Swiss vote on radical heroin rules
Voters in Switzerland go to the polls on Sunday to decide whether to make a controversial heroin prescription programme a permanent, nationwide health policy.
The Swiss government supports the idea but opponents say it encourages drug addiction, and sends the wrong message to young people.
Throughout the 1980s and early 1990s Switzerland had one of the highest rates of heroin addiction in Europe.
Open drug scenes in cities such as Zurich, Basel and Bern were common, with addicts injecting and dealers selling publicly in the streets and parks.
Users often shared needles, leading to a sharp rise in HIV infection rates, and in the spread of Hepatitis.
In an attempt to reduce the spread of such diseases, if nothing else, the Swiss health department began introducing needle exchanges, followed by clean injection rooms where addicts could take heroin in a safe environment, supervised by a nurse.
For many health professionals, the next logical step was to start prescribing heroin to those addicts, many of them already ill, who really did not seem able to get off drugs.
In 1998 Switzerland introduced an experimental 10-year heroin prescription programme. Today around 1,300 patients across the country are on the programme.
Dr Christoph Buerki says his clinic in Bern serves 210 such patients.
“Their average age is 40 now, and they have an average of 13 years of heroin addiction before they enter this programme. Basically we are aiming at a group of people where everything else has failed,” he says.
Chronic addiction
Dr Buerki’s patients have to have tried abstinence treatments at least twice before being eligible for heroin prescription.
The majority have also tried and failed to stay on a methadone maintenance programme. Methadone in fact remains the more common maintenance treatment in Switzerland, with over 16,000 patients.
“I thought this was just the lowest of the low but, well, I am an addict. And I’ve got a job now, and two sons, so I live a pretty normal life.
“My kids just know that Dad is sick and has to take medicine every day, that’s all.”
And Dr Buerki shares the view that long term addicts like Jan are actually ill, and need to be treated as such.
“These are patients with a chronic, relapsing disease that might go with them for the rest of their lives,” he says.
But opponents of heroin prescription, like Sabine Geissbuhler of the association Parents Against Drugs, say that attitude is exactly what is wrong.
“When heroin prescription was first introduced, it was touted as a ‘treatment’,” she says.
“But treatment means the goal should be people get off drugs eventually – they stop being addicts – and that’s just not happening.”
“It’s an outrage,” she continues, “that the state should give addicts heroin – it’s poison.

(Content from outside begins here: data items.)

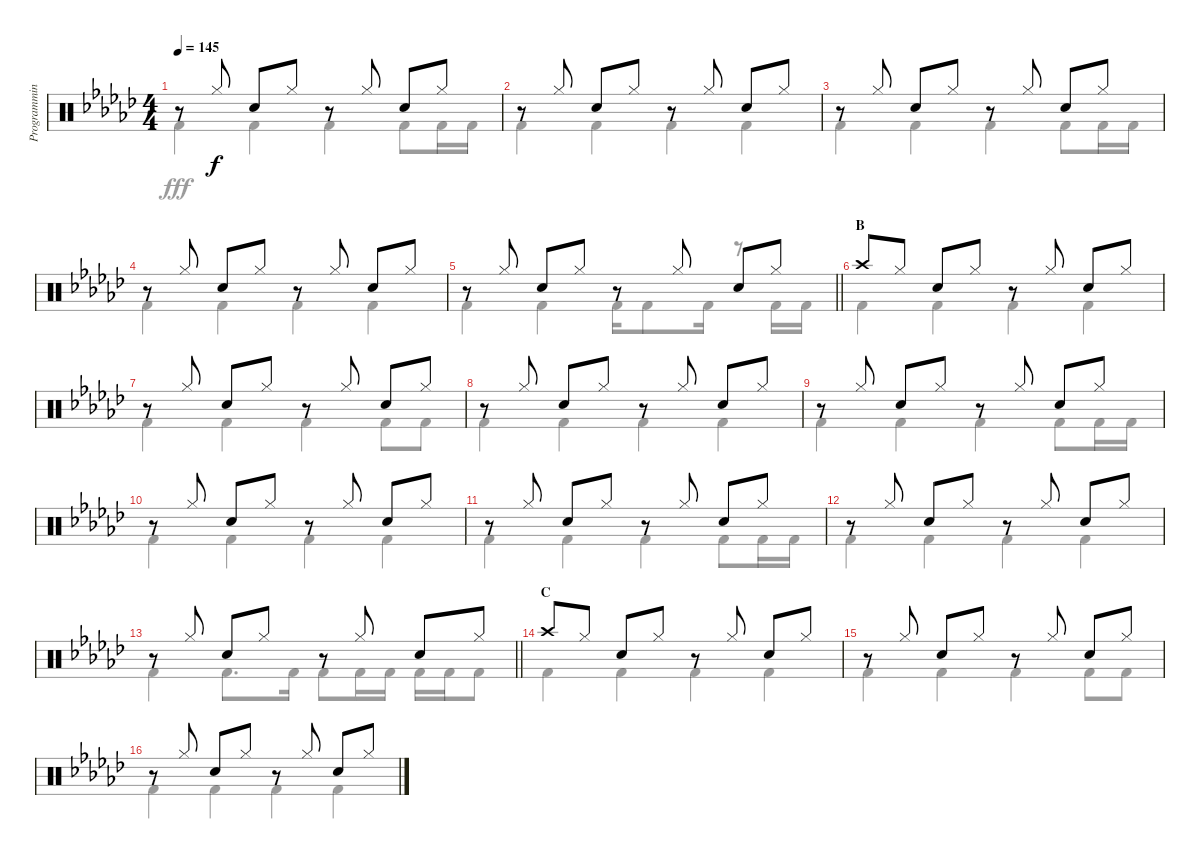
\track ("Programming Drums I" "Programmin") {instrument percussion}
\staff {score}
\articulation defaults
\voice
\ts (4 4)
\tempo 145
\clef neutral
\ks gb
r.8{dy f} "Hi-Hat (closed)".8 "Snare (hit) 2".8 "Hi-Hat (closed)".8 r.8 "Hi-Hat (closed)".8 "Snare (hit) 2".8 "Hi-Hat (closed)".8 |
r.8 "Hi-Hat (closed)".8 "Snare (hit) 2".8 "Hi-Hat (closed)".8 r.8 "Hi-Hat (closed)".8 "Snare (hit) 2".8 "Hi-Hat (closed)".8 |
r.8 "Hi-Hat (closed)".8 "Snare (hit) 2".8 "Hi-Hat (closed)".8 r.8 "Hi-Hat (closed)".8 "Snare (hit) 2".8 "Hi-Hat (closed)".8 |
r.8 "Hi-Hat (closed)".8 "Snare (hit) 2".8 "Hi-Hat (closed)".8 r.8 "Hi-Hat (closed)".8 "Snare (hit) 2".8 "Hi-Hat (closed)".8 |
\barLineRight lightlight
r.8 "Hi-Hat (closed)".8 "Snare (hit) 2".8 "Hi-Hat (closed)".8 r.8 "Hi-Hat (closed)".8 "Snare (hit) 2".8 "Hi-Hat (closed)".8 |
\section ("" "B")
"Crash high (hit)".8 "Hi-Hat (closed)".8 "Snare (hit) 2".8 "Hi-Hat (closed)".8 r.8 "Hi-Hat (closed)".8 "Snare (hit) 2".8 "Hi-Hat (closed)".8 |
r.8 "Hi-Hat (closed)".8 "Snare (hit) 2".8 "Hi-Hat (closed)".8 r.8 "Hi-Hat (closed)".8 "Snare (hit) 2".8 "Hi-Hat (closed)".8 |
r.8 "Hi-Hat (closed)".8 "Snare (hit) 2".8 "Hi-Hat (closed)".8 r.8 "Hi-Hat (closed)".8 "Snare (hit) 2".8 "Hi-Hat (closed)".8 |
r.8 "Hi-Hat (closed)".8 "Snare (hit) 2".8 "Hi-Hat (closed)".8 r.8 "Hi-Hat (closed)".8 "Snare (hit) 2".8 "Hi-Hat (closed)".8 |
r.8 "Hi-Hat (closed)".8 "Snare (hit) 2".8 "Hi-Hat (closed)".8 r.8 "Hi-Hat (closed)".8 "Snare (hit) 2".8 "Hi-Hat (closed)".8 |
r.8 "Hi-Hat (closed)".8 "Snare (hit) 2".8 "Hi-Hat (closed)".8 r.8 "Hi-Hat (closed)".8 "Snare (hit) 2".8 "Hi-Hat (closed)".8 |
r.8 "Hi-Hat (closed)".8 "Snare (hit) 2".8 "Hi-Hat (closed)".8 r.8 "Hi-Hat (closed)".8 "Snare (hit) 2".8 "Hi-Hat (closed)".8 |
\barLineRight lightlight
r.8 "Hi-Hat (closed)".8 "Snare (hit) 2".8 "Hi-Hat (closed)".8 r.8 "Hi-Hat (closed)".8 "Snare (hit) 2".8 "Hi-Hat (closed)".8 |
\section ("" "C")
"Crash high (hit)".8 "Hi-Hat (closed)".8 "Snare (hit) 2".8 "Hi-Hat (closed)".8 r.8 "Hi-Hat (closed)".8 "Snare (hit) 2".8 "Hi-Hat (closed)".8 |
r.8 "Hi-Hat (closed)".8 "Snare (hit) 2".8 "Hi-Hat (closed)".8 r.8 "Hi-Hat (closed)".8 "Snare (hit) 2".8 "Hi-Hat (closed)".8 |
r.8 "Hi-Hat (closed)".8 "Snare (hit) 2".8 "Hi-Hat (closed)".8 r.8 "Hi-Hat (closed)".8 "Snare (hit) 2".8 "Hi-Hat (closed)".8
\voice
\clef neutral
\ottava regular
\simile none
\ks gb "Kick (hit) 2".4{dy fff} "Kick (hit) 2".4 "Kick (hit) 2".4 "Kick (hit) 2".8 "Kick (hit) 2".16 "Kick (hit) 2".16
|
"Kick (hit) 2".4 "Kick (hit) 2".4 "Kick (hit) 2".4 "Kick (hit) 2".4 |
"Kick (hit) 2".4 "Kick (hit) 2".4 "Kick (hit) 2".4 "Kick (hit) 2".8 "Kick (hit) 2".16 "Kick (hit) 2".16 |
"Kick (hit) 2".4 "Kick (hit) 2".4 "Kick (hit) 2".4 "Kick (hit) 2".4 |
\barLineRight lightlight "Kick (hit) 2".4 "Kick (hit) 2".4 "Kick (hit) 2".16 "Kick (hit) 2".8 "Kick (hit) 2".16
r.8 "Kick (hit) 2".16 "Kick (hit) 2".16 |
"Kick (hit) 2".4 "Kick (hit) 2".4 "Kick (hit) 2".4 "Kick (hit) 2".4 |
"Kick (hit) 2".4 "Kick (hit) 2".4 "Kick (hit) 2".4 "Kick (hit) 2".8 "Kick (hit) 2".8 |
"Kick (hit) 2".4 "Kick (hit) 2".4 "Kick (hit) 2".4 "Kick (hit) 2".4 |
"Kick (hit) 2".4 "Kick (hit) 2".4 "Kick (hit) 2".4 "Kick (hit) 2".8 "Kick (hit) 2".16 "Kick (hit) 2".16 |
"Kick (hit) 2".4 "Kick (hit) 2".4 "Kick (hit) 2".4 "Kick (hit) 2".4 |
"Kick (hit) 2".4 "Kick (hit) 2".4 "Kick (hit) 2".4 "Kick (hit) 2".8 "Kick (hit) 2".16 "Kick (hit) 2".16 |
"Kick (hit) 2".4 "Kick (hit) 2".4 "Kick (hit) 2".4 "Kick (hit) 2".4 |
\barLineRight lightlight "Kick (hit) 2".4 "Kick (hit) 2".8{d} "Kick (hit) 2".16 "Kick (hit) 2".8 "Kick (hit) 2".16 "Kick (hit) 2".16 "Kick (hit) 2".16 "Kick (hit) 2".16 "Kick (hit) 2".8
|
"Kick (hit) 2".4 "Kick (hit) 2".4 "Kick (hit) 2".4 "Kick (hit) 2".4 |
"Kick (hit) 2".4 "Kick (hit) 2".4 "Kick (hit) 2".4 "Kick (hit) 2".8 "Kick (hit) 2".8 |
"Kick (hit) 2".4 "Kick (hit) 2".4 "Kick (hit) 2".4 "Kick (hit) 2".4

You don’t give people poison to make them better.”
A life worth living?
“It would be more shocking if we just let them die,” counters Maria Chiara Saraceni, a drugs policy expert with the Swiss federal health department.
“It’s the government’s responsibility to help everyone, and not to judge them.
“If this is what they need to live a more stable life, and to get off the streets, then that is what we should offer.”
But Ms Geissbuhler is not convinced.
“That’s not a life,” she insists. “I have four children, and I would never, never, put them into a heroin prescription programme. What kind of freedom is that? I’d rather they were dead.”
But whether a life is worth living or not can be a very personal, subjective thing.
Jan, who leaves the clinic every day to go to work, then returns in the evening for a second injection before picking up his son from nursery, views his life as normal, and even contented.
“I’m just like everyone else,” he insists. I get up in the morning, I go to work, I do my job responsibly, I go home to my family in the evening. And at the weekend I’m the Dad my kids want me to be.”
But the fact remains that Jan may well be on heroin for the rest of his life.
Very few patients on the programme have so far managed to get off the drug for good, and in that sense heroin prescription does not fit with Switzerland’s chief goal on drug use, which is abstinence.
Doctors like Christoph Buerki accept that their patients will be with them for many years to come. Instead he points to another, unexpected side effect of the programme.
“Heroin was a very ‘in’ and fashionable thing to do in the 1980s and early 1990s,” he explains. “But now people who take heroin have the image of losers, of junkies.
“I mean look at this place,” he says, gesturing to his small, rather run-down clinic, and the lines of patients, most of them middle aged, waiting for injections.
“Nobody thinks this is a good thing – it’s not cool to go to a clinic like ours to get heroin twice a day.
“We’ve medicalised heroin in Switzerland – it has the image of an ugly illness, and that is why, I think, numbers of new addicts are falling.
Very few young people are turning to heroin in Switzerland these days.”
And that is the argument that may well sway many Swiss voters.
Keeping hundreds of people on heroin through old age and right to the ends of their lives is a rather shocking prospect, but polls suggest the Swiss may accept it, if it means their streets are free of illegal drug use, and their young people see heroin not as a glamorous rock star’s drug, but as a sad, banal, old people’s habit.